# WORK INSTRUCTION:
Take the lines of the data below from the very first through the line containing "('Condocasa Mitras','Monterrey','Nuevo León','64170');" and output them exactly, pictures excluded.

# MATERIAL FOR THE TASK:
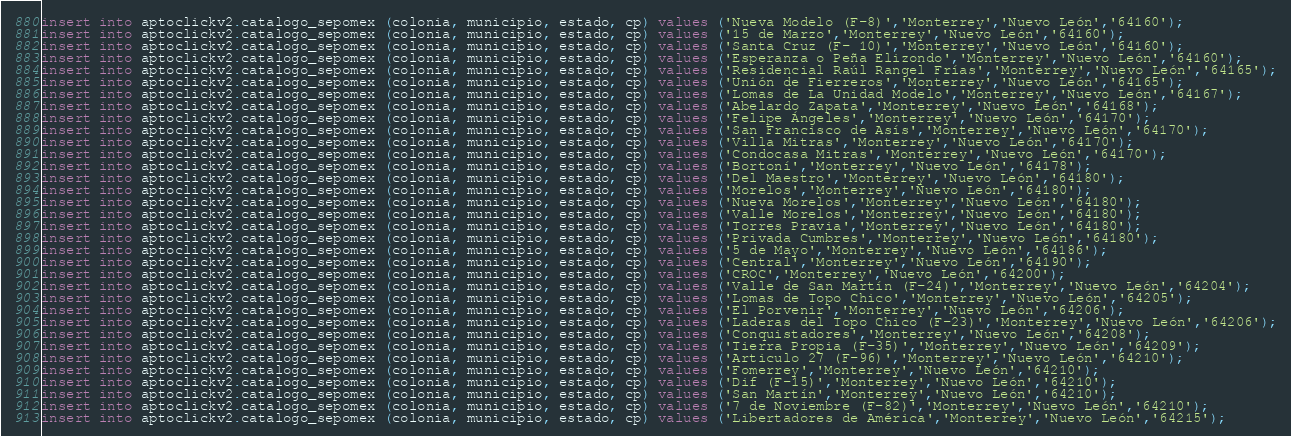Convert code to text. <code><loc_0><loc_0><loc_500><loc_500><_SQL_>insert into aptoclickv2.catalogo_sepomex (colonia, municipio, estado, cp) values ('Nueva Modelo (F-8)','Monterrey','Nuevo León','64160');
insert into aptoclickv2.catalogo_sepomex (colonia, municipio, estado, cp) values ('15 de Marzo','Monterrey','Nuevo León','64160');
insert into aptoclickv2.catalogo_sepomex (colonia, municipio, estado, cp) values ('Santa Cruz (F- 10)','Monterrey','Nuevo León','64160');
insert into aptoclickv2.catalogo_sepomex (colonia, municipio, estado, cp) values ('Esperanza o Peña Elizondo','Monterrey','Nuevo León','64160');
insert into aptoclickv2.catalogo_sepomex (colonia, municipio, estado, cp) values ('Residencial Raúl Rangel Frías','Monterrey','Nuevo León','64165');
insert into aptoclickv2.catalogo_sepomex (colonia, municipio, estado, cp) values ('Unión de Fierreros','Monterrey','Nuevo León','64165');
insert into aptoclickv2.catalogo_sepomex (colonia, municipio, estado, cp) values ('Lomas de La Unidad Modelo','Monterrey','Nuevo León','64167');
insert into aptoclickv2.catalogo_sepomex (colonia, municipio, estado, cp) values ('Abelardo Zapata','Monterrey','Nuevo León','64168');
insert into aptoclickv2.catalogo_sepomex (colonia, municipio, estado, cp) values ('Felipe Ángeles','Monterrey','Nuevo León','64170');
insert into aptoclickv2.catalogo_sepomex (colonia, municipio, estado, cp) values ('San Francisco de Asís','Monterrey','Nuevo León','64170');
insert into aptoclickv2.catalogo_sepomex (colonia, municipio, estado, cp) values ('Villa Mitras','Monterrey','Nuevo León','64170');
insert into aptoclickv2.catalogo_sepomex (colonia, municipio, estado, cp) values ('Condocasa Mitras','Monterrey','Nuevo León','64170');
insert into aptoclickv2.catalogo_sepomex (colonia, municipio, estado, cp) values ('Bortoní','Monterrey','Nuevo León','64178');
insert into aptoclickv2.catalogo_sepomex (colonia, municipio, estado, cp) values ('Del Maestro','Monterrey','Nuevo León','64180');
insert into aptoclickv2.catalogo_sepomex (colonia, municipio, estado, cp) values ('Morelos','Monterrey','Nuevo León','64180');
insert into aptoclickv2.catalogo_sepomex (colonia, municipio, estado, cp) values ('Nueva Morelos','Monterrey','Nuevo León','64180');
insert into aptoclickv2.catalogo_sepomex (colonia, municipio, estado, cp) values ('Valle Morelos','Monterrey','Nuevo León','64180');
insert into aptoclickv2.catalogo_sepomex (colonia, municipio, estado, cp) values ('Torres Pravia','Monterrey','Nuevo León','64180');
insert into aptoclickv2.catalogo_sepomex (colonia, municipio, estado, cp) values ('Privada Cumbres','Monterrey','Nuevo León','64180');
insert into aptoclickv2.catalogo_sepomex (colonia, municipio, estado, cp) values ('5 de Mayo','Monterrey','Nuevo León','64186');
insert into aptoclickv2.catalogo_sepomex (colonia, municipio, estado, cp) values ('Central','Monterrey','Nuevo León','64190');
insert into aptoclickv2.catalogo_sepomex (colonia, municipio, estado, cp) values ('CROC','Monterrey','Nuevo León','64200');
insert into aptoclickv2.catalogo_sepomex (colonia, municipio, estado, cp) values ('Valle de San Martín (F-24)','Monterrey','Nuevo León','64204');
insert into aptoclickv2.catalogo_sepomex (colonia, municipio, estado, cp) values ('Lomas de Topo Chico','Monterrey','Nuevo León','64205');
insert into aptoclickv2.catalogo_sepomex (colonia, municipio, estado, cp) values ('El Porvenir','Monterrey','Nuevo León','64206');
insert into aptoclickv2.catalogo_sepomex (colonia, municipio, estado, cp) values ('Laderas del Topo Chico (F-23)','Monterrey','Nuevo León','64206');
insert into aptoclickv2.catalogo_sepomex (colonia, municipio, estado, cp) values ('Conquistadores','Monterrey','Nuevo León','64208');
insert into aptoclickv2.catalogo_sepomex (colonia, municipio, estado, cp) values ('Tierra Propia (F-35)','Monterrey','Nuevo León','64209');
insert into aptoclickv2.catalogo_sepomex (colonia, municipio, estado, cp) values ('Articulo 27 (F-96)','Monterrey','Nuevo León','64210');
insert into aptoclickv2.catalogo_sepomex (colonia, municipio, estado, cp) values ('Fomerrey','Monterrey','Nuevo León','64210');
insert into aptoclickv2.catalogo_sepomex (colonia, municipio, estado, cp) values ('Dif (F-15)','Monterrey','Nuevo León','64210');
insert into aptoclickv2.catalogo_sepomex (colonia, municipio, estado, cp) values ('San Martín','Monterrey','Nuevo León','64210');
insert into aptoclickv2.catalogo_sepomex (colonia, municipio, estado, cp) values ('7 de Noviembre (F-82)','Monterrey','Nuevo León','64210');
insert into aptoclickv2.catalogo_sepomex (colonia, municipio, estado, cp) values ('Libertadores de América','Monterrey','Nuevo León','64215');</code> 
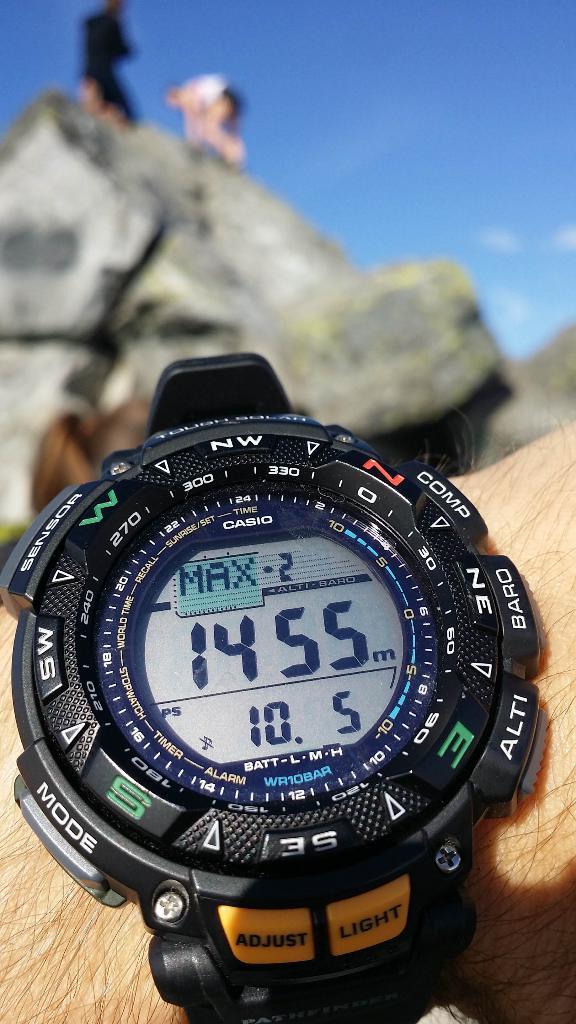What do the yellow buttons say?
Offer a very short reply. Adjust light. Who makes this watch?
Provide a succinct answer. Casio. 
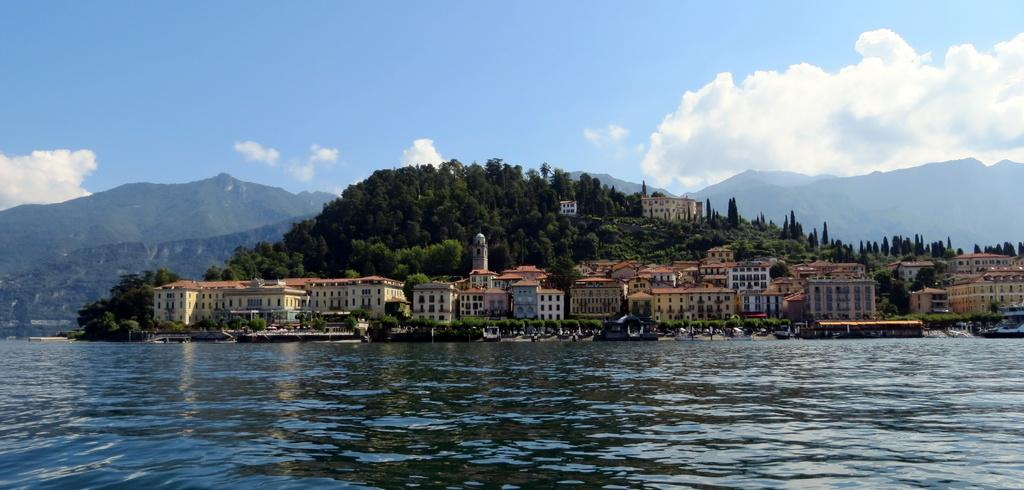What is present on the water in the image? There are ships on the water in the image. What type of structures can be seen in the image? There are buildings in the image. What type of vegetation is present in the image? There are trees in the image. What architectural feature is visible in the image? There are windows in the image. What type of natural landform is visible in the image? There are mountains in the image. What is visible in the background of the image? The sky with clouds is visible in the background of the image. Where is the cook preparing food in the image? There is no cook or food preparation visible in the image. What type of camera can be seen capturing the scene in the image? There is no camera present in the image. 
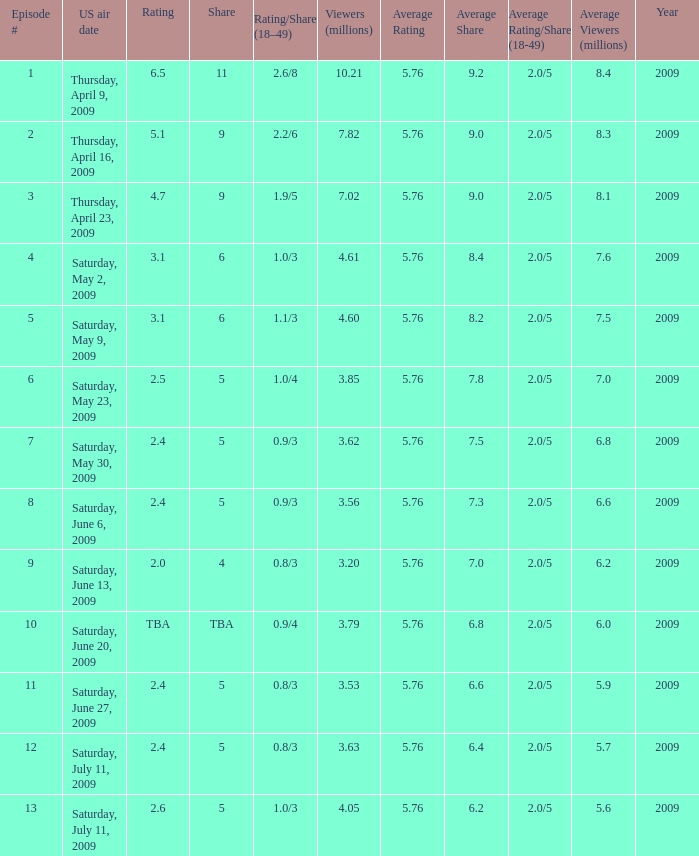What is the average number of million viewers that watched an episode before episode 11 with a share of 4? 3.2. Would you mind parsing the complete table? {'header': ['Episode #', 'US air date', 'Rating', 'Share', 'Rating/Share (18–49)', 'Viewers (millions)', 'Average Rating', 'Average Share', 'Average Rating/Share (18-49)', 'Average Viewers (millions)', 'Year'], 'rows': [['1', 'Thursday, April 9, 2009', '6.5', '11', '2.6/8', '10.21', '5.76', '9.2', '2.0/5', '8.4', '2009'], ['2', 'Thursday, April 16, 2009', '5.1', '9', '2.2/6', '7.82', '5.76', '9.0', '2.0/5', '8.3', '2009'], ['3', 'Thursday, April 23, 2009', '4.7', '9', '1.9/5', '7.02', '5.76', '9.0', '2.0/5', '8.1', '2009'], ['4', 'Saturday, May 2, 2009', '3.1', '6', '1.0/3', '4.61', '5.76', '8.4', '2.0/5', '7.6', '2009'], ['5', 'Saturday, May 9, 2009', '3.1', '6', '1.1/3', '4.60', '5.76', '8.2', '2.0/5', '7.5', '2009'], ['6', 'Saturday, May 23, 2009', '2.5', '5', '1.0/4', '3.85', '5.76', '7.8', '2.0/5', '7.0', '2009'], ['7', 'Saturday, May 30, 2009', '2.4', '5', '0.9/3', '3.62', '5.76', '7.5', '2.0/5', '6.8', '2009'], ['8', 'Saturday, June 6, 2009', '2.4', '5', '0.9/3', '3.56', '5.76', '7.3', '2.0/5', '6.6', '2009'], ['9', 'Saturday, June 13, 2009', '2.0', '4', '0.8/3', '3.20', '5.76', '7.0', '2.0/5', '6.2', '2009'], ['10', 'Saturday, June 20, 2009', 'TBA', 'TBA', '0.9/4', '3.79', '5.76', '6.8', '2.0/5', '6.0', '2009'], ['11', 'Saturday, June 27, 2009', '2.4', '5', '0.8/3', '3.53', '5.76', '6.6', '2.0/5', '5.9', '2009'], ['12', 'Saturday, July 11, 2009', '2.4', '5', '0.8/3', '3.63', '5.76', '6.4', '2.0/5', '5.7', '2009'], ['13', 'Saturday, July 11, 2009', '2.6', '5', '1.0/3', '4.05', '5.76', '6.2', '2.0/5', '5.6', '2009']]} 
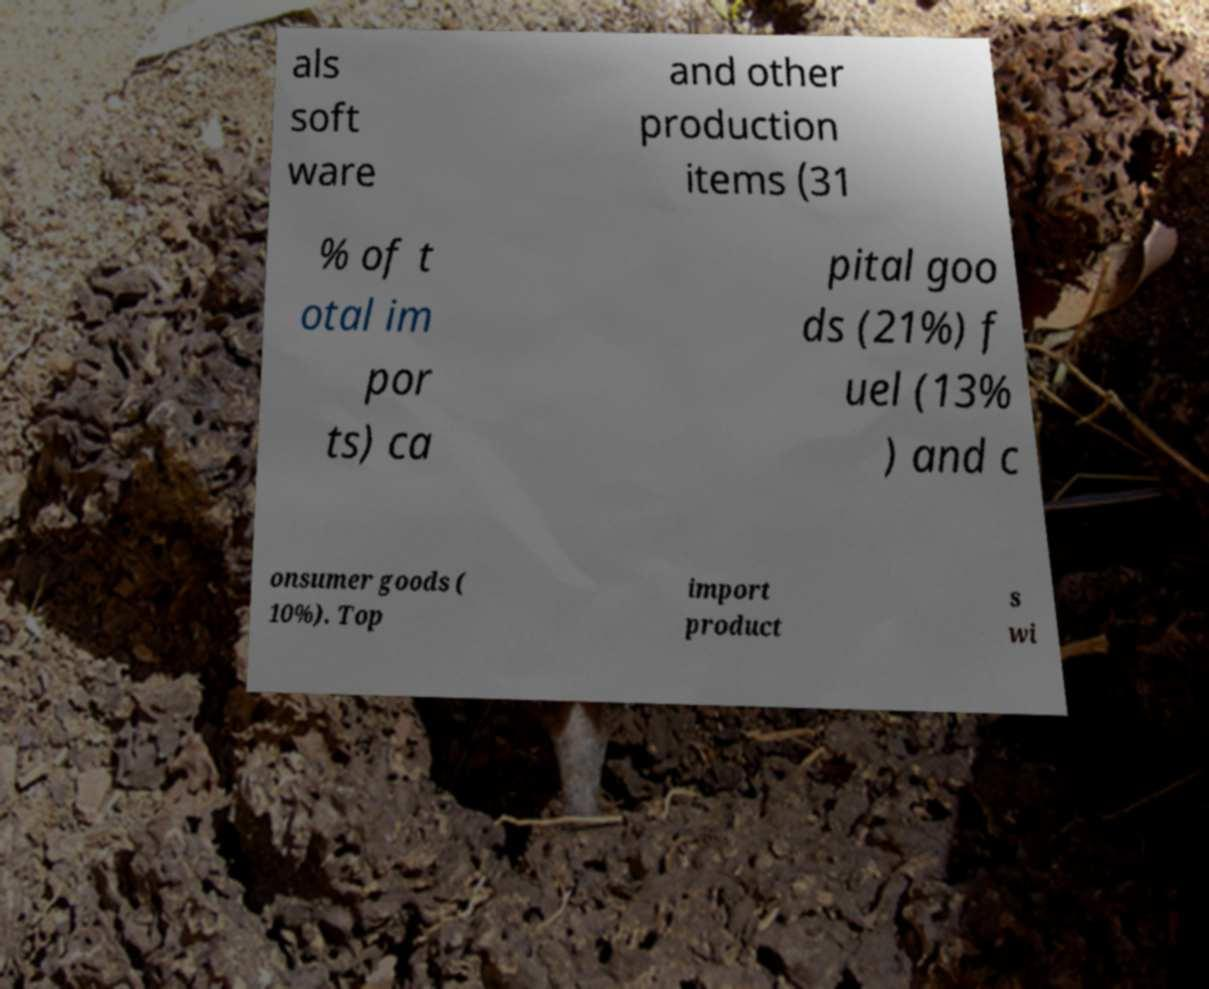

# THE COMPLETED TASK:
Convert code to text. <code><loc_0><loc_0><loc_500><loc_500><_SQL_>insert into aptoclickv2.catalogo_sepomex (colonia, municipio, estado, cp) values ('Nueva Modelo (F-8)','Monterrey','Nuevo León','64160');
insert into aptoclickv2.catalogo_sepomex (colonia, municipio, estado, cp) values ('15 de Marzo','Monterrey','Nuevo León','64160');
insert into aptoclickv2.catalogo_sepomex (colonia, municipio, estado, cp) values ('Santa Cruz (F- 10)','Monterrey','Nuevo León','64160');
insert into aptoclickv2.catalogo_sepomex (colonia, municipio, estado, cp) values ('Esperanza o Peña Elizondo','Monterrey','Nuevo León','64160');
insert into aptoclickv2.catalogo_sepomex (colonia, municipio, estado, cp) values ('Residencial Raúl Rangel Frías','Monterrey','Nuevo León','64165');
insert into aptoclickv2.catalogo_sepomex (colonia, municipio, estado, cp) values ('Unión de Fierreros','Monterrey','Nuevo León','64165');
insert into aptoclickv2.catalogo_sepomex (colonia, municipio, estado, cp) values ('Lomas de La Unidad Modelo','Monterrey','Nuevo León','64167');
insert into aptoclickv2.catalogo_sepomex (colonia, municipio, estado, cp) values ('Abelardo Zapata','Monterrey','Nuevo León','64168');
insert into aptoclickv2.catalogo_sepomex (colonia, municipio, estado, cp) values ('Felipe Ángeles','Monterrey','Nuevo León','64170');
insert into aptoclickv2.catalogo_sepomex (colonia, municipio, estado, cp) values ('San Francisco de Asís','Monterrey','Nuevo León','64170');
insert into aptoclickv2.catalogo_sepomex (colonia, municipio, estado, cp) values ('Villa Mitras','Monterrey','Nuevo León','64170');
insert into aptoclickv2.catalogo_sepomex (colonia, municipio, estado, cp) values ('Condocasa Mitras','Monterrey','Nuevo León','64170');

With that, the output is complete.